17. DISCLOSURES OF CODES, STANDARDS, POLICIES AND COMPLIANCES
THEREUNDER : a) Know Your Customer and Anti money laundering measure policy
Your company has a board approved Know Your Customer (KYC Policy) and Anti Money Laundering measure policy (AML Policy) in place and adheres to the said policy. The said policy is in line with the RBI Guidelines. Company has also adhered to the compliance requirement in terms of the said policy including the monitoring and reporting of cash and suspicious transactions. There are however, no cash transactions of the value of more than Rs. 10,00,000/- or any suspicious transactions whether or not made in cash noticed by the company in terms of the said policy. b) Fair Practice Code
Your company has in place a Fair Practice Code (FPC), as per RBI Regulations which includes guidelines from appropriate staff conduct when dealing with the customers and on the organizations policies vis-a-vis client protection. Your company and its employees duly complied with the provisions of FPC. c) Code of Conduct for Board of Directors and the Senior Management Personnel
Your company has adopted a code of conduct as required under Regulation 17 of SEBI (Listing Obligations and Disclosure Requirements) Regulations 2015, for its BOD and the senior management personnel. The code requires the directors and employees of the company to act honestly, ethically and with integrity and in a professional and respectful manner. A certificate of the Management is attached with the Report in the Corporate Governance section. d) Code of Prohibition of Insider Trading Practices
Your company has in place a code for prevention of insider trading practices in accordance with the model code of conduct, as prescribed under SEBI ( prohibition of insider trading) Regulations, 2015, as amended and has duly complied with the provisions of the said code. e) Vigil Mechanism Policy
Pursuant to the provisions of section 177(9) and (10) of the Companies Act 2013 read with rule 7 of Companies (Meeting of Boards and its powers) Rules, 2014 and Regulation 22 of SEBI (Listing Obligations And Disclosure Requirements) Regulations, 2015, the company and adopted a whistle blower policy which provides for a vigil mechanism that encourages and supports its directors and employees to report instances of unethical behavior, actual or suspected, fraud or violation of the company code of conduct policy. It also provides for adequate safeguards against victimization of persons who use this mechanism and direct access to the chairman of audit committee in exceptional cases. Policy of the whistle blower of the Company has been given at the website of the company at www.anjanifin.com and attached the same as Annexure-E to this report. f) Prevention, Prohibition and Redressal of Sexual harassment of women at work place 1
Your Company has zero tolerance for sexual harassment at workplace. The Company has adopted a Policy on Prevention, Prohibition and Redressal of Sexual Harassment at workplace in line with the provisions of the Sexual Harassment of Women at Workplace (Prevention, Prohibition and Redressal) Act, 2013 (POSH Act) and the rules framed there under. All employees (permanent, contractual, temporary, trainees) are covered under this policy. As per the requirement of the Sexual Harassment of Women at Workplace (Prevention, Prohibition & Redressal) Act, 2013 (Act) and Rules made there under, your company has constituted Internal Complaints Committees (ICC). Statement showing the number of complaints filed during the financial year and the number of complaints pending as on the end of the financial year is shown as under:
Statements of compliant Received During the F.Y. 2024-25 |
|
No. of complaints pending at the beginning of Financial Year |
|
0 | |
No. of complaints received during the of Financial Year |
|
1 | |
No. of complaints disposed off during the of Financial Year |
|
0 | |
No. of complaints those remaining unresolved at the end of the of Financial Year |
|
1 |
g) Nomination, Remuneration and Evaluation Policy (NRE Policy)

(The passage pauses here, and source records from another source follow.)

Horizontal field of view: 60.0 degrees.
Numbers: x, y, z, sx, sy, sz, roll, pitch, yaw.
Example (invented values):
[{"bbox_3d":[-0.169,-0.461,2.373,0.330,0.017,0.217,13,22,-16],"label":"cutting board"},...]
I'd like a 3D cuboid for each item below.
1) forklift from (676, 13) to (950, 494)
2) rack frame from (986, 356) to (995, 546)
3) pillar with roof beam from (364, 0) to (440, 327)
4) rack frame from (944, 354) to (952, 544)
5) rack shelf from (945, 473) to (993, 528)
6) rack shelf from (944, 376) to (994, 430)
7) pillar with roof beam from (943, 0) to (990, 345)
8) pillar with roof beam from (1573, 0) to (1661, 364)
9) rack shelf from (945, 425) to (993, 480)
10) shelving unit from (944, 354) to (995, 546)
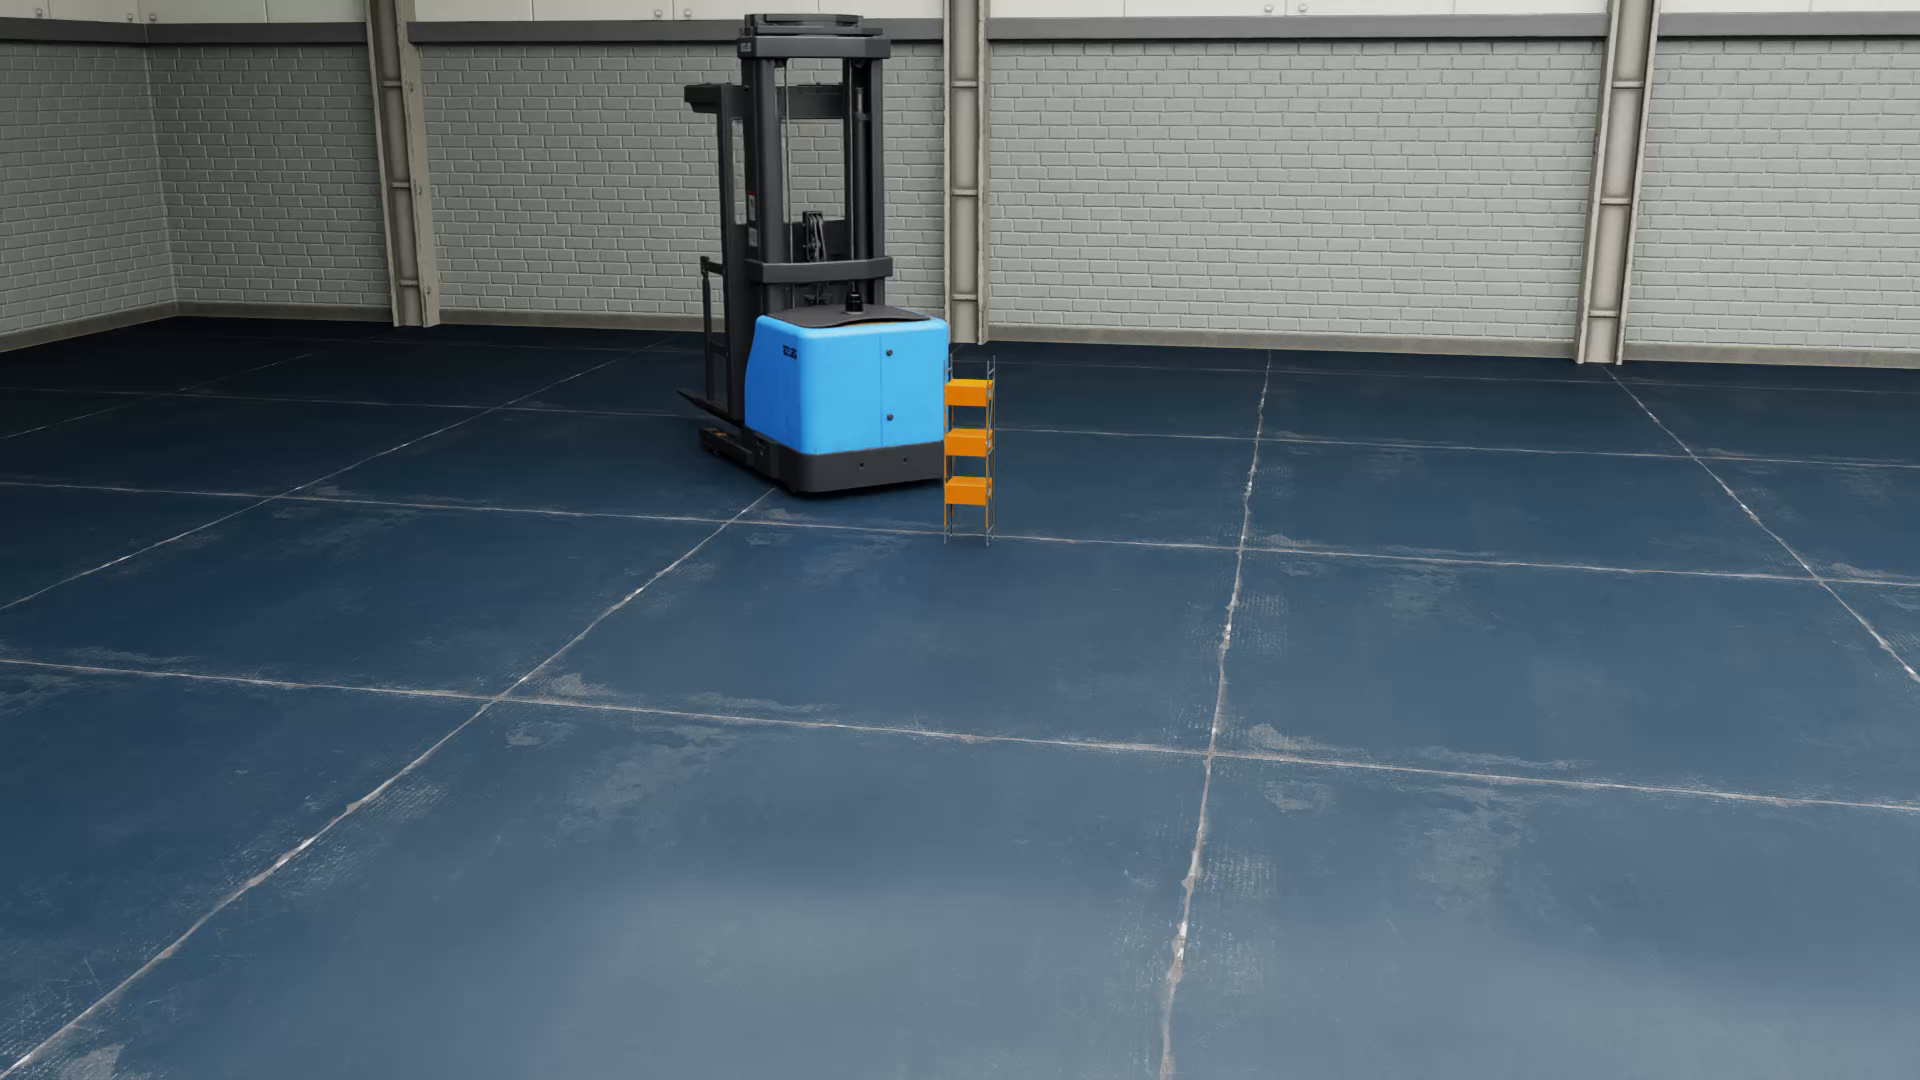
[{"bbox_3d":[-1.191,-2.049,11.397,1.130,2.935,3.031,-8,17,-27],"label":"forklift"},{"bbox_3d":[0.172,-0.497,9.318,0.008,1.050,0.200,3,16,11],"label":"rack frame"},{"bbox_3d":[-6.673,-5.518,12.556,0.400,9.000,9.100,3,16,11],"label":"pillar with roof beam"},{"bbox_3d":[-0.067,-0.510,9.365,0.008,1.050,0.200,3,16,11],"label":"rack frame"},{"bbox_3d":[0.052,-0.225,9.419,0.240,0.259,0.215,3,16,11],"label":"rack shelf"},{"bbox_3d":[0.052,-0.766,9.269,0.240,0.259,0.215,3,16,11],"label":"rack shelf"},{"bbox_3d":[-0.793,-5.199,11.403,0.400,9.000,9.100,3,16,11],"label":"pillar with roof beam"},{"bbox_3d":[5.087,-4.880,10.251,0.400,9.000,9.100,3,16,11],"label":"pillar with roof beam"},{"bbox_3d":[0.052,-0.493,9.344,0.240,0.259,0.215,3,16,11],"label":"rack shelf"},{"bbox_3d":[0.052,-0.503,9.342,0.252,1.050,0.215,3,16,11],"label":"shelving unit"}]
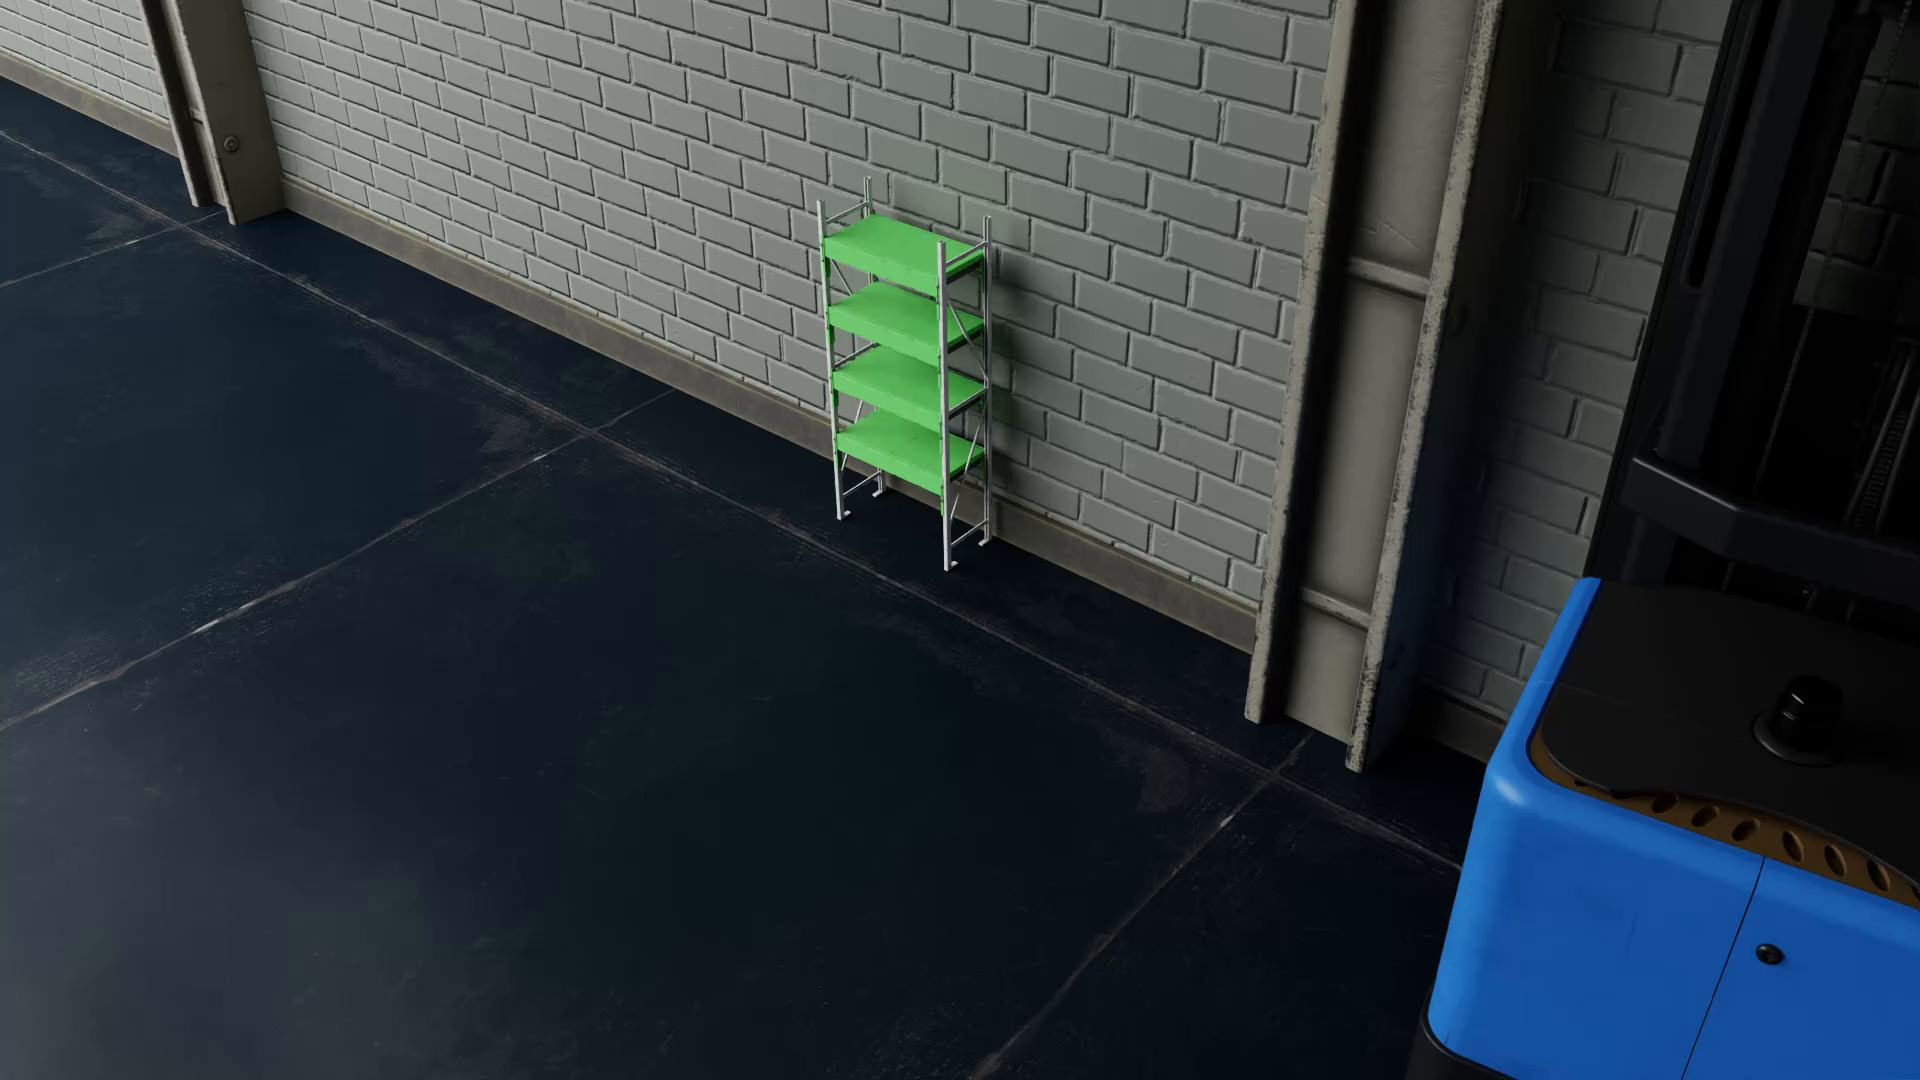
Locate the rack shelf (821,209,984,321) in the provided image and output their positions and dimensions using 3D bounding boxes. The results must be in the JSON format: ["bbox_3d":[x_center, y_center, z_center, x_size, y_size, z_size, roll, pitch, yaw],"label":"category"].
[{"bbox_3d":[-0.172,-0.868,5.215,0.480,0.148,0.258,25,43,31],"label":"rack shelf"}]

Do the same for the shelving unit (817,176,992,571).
[{"bbox_3d":[-0.167,-0.529,5.455,0.503,1.200,0.258,25,43,31],"label":"shelving unit"}]

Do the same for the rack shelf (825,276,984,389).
[{"bbox_3d":[-0.169,-0.672,5.354,0.480,0.148,0.258,25,43,31],"label":"rack shelf"}]

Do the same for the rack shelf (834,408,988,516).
[{"bbox_3d":[-0.164,-0.281,5.631,0.480,0.148,0.258,25,43,31],"label":"rack shelf"}]

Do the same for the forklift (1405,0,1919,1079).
[{"bbox_3d":[2.196,-0.454,3.823,1.130,2.935,3.031,18,39,25],"label":"forklift"}]

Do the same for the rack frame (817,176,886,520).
[{"bbox_3d":[-0.356,-0.616,5.583,0.015,1.200,0.240,25,43,31],"label":"rack frame"}]

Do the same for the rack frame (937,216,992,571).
[{"bbox_3d":[0.022,-0.441,5.328,0.015,1.200,0.240,25,43,31],"label":"rack frame"}]

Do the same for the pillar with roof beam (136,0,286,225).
[{"bbox_3d":[-6.266,-3.476,2.863,0.400,9.000,9.100,25,42,32],"label":"pillar with roof beam"}]

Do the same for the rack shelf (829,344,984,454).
[{"bbox_3d":[-0.167,-0.476,5.492,0.480,0.148,0.258,25,43,31],"label":"rack shelf"}]

The Board has, on the recommendation of the nomination and remuneration committee framed a nomination, remuneration and evaluation policy which lays down the criteria for identifying the persons who are qualified to be appointed as directors and, or senior management personnel of the company, along with the criteria for determination of remuneration of directors, KMPS and other employees and their evaluation and includes other matters, as prescribed under the provisions of section 178 of Companies Act, 2013 and clause 49 of the Listing Agreement and Regulation 19 of SEBI (Listing Obligations and Disclosure Requirements) Regulations 2015. Policy of the Company has been given at the website of the Company at www.anjanifin.com and attached the same as Annexure B to this report. The details of the same are also covered in corporate Governance Report forming part of this annual report. h) Related Party Transactions Policy
There were no materially significant related party transactions held during the FY 2024-25 that may have potential conflict with the interest of company at large. Transactions entered with related parties as defined under the Companies Act, 2013 and Regulation 23 of SEBI (Listing Obligations and Disclosure Requirements) Regulations 2015, during the financial year were mainly in the ordinary course of business and on an arms length basis. The related party transaction policy as formulated by the company defines the materiality of related party and lays down the procedures of dealing with related p arty transactions. The details o f the same are p o sted on the Company web-site www.anjanifin.com. i) Policy of company for the appointment of Directors and their remuneration Policy of company for the appointment of Directors and their remuneration is hosted on the website (www.availablefinance.in) of the company as per the requirement of the section 178 of the Company Act, 2013
18. DIRECTORS AND KEY MANAGERIAL PERSONNEL
The Board of Directors of your company consists of 4 directors. Mr. Sanjay Kumar Agarwal (DIN 00023611) continued to hold the office as a non-executive non-Independent director of the company. Mrs. Kalpana Jain (DIN 02665393) is a Managing Director of company. Mr. Sarthak Agrawal (DIN 09700883) and Mr. Ankur Agrawal (DIN 07551302)) are the Independent directors of the Company. All independent directors have given declaration that they meet the criteria of independence as laid down under section 149(6) of the companies Act, 2013 and clause 49 of the Listing Agreement and SEBI (Listing Obligations and Disclosure Requirements) Regulations 2015 forms part of this report. In accordance with the provisions of Section 152 of the companies Act 2013 read with relevant provisions of Articles of Association of the company, Mr. Sanjay Kumar Agarwal will retire by rotation at the ensuing Annual General meeting and being eligible offers himself for re-appointment. The Board recommends her re-appointment.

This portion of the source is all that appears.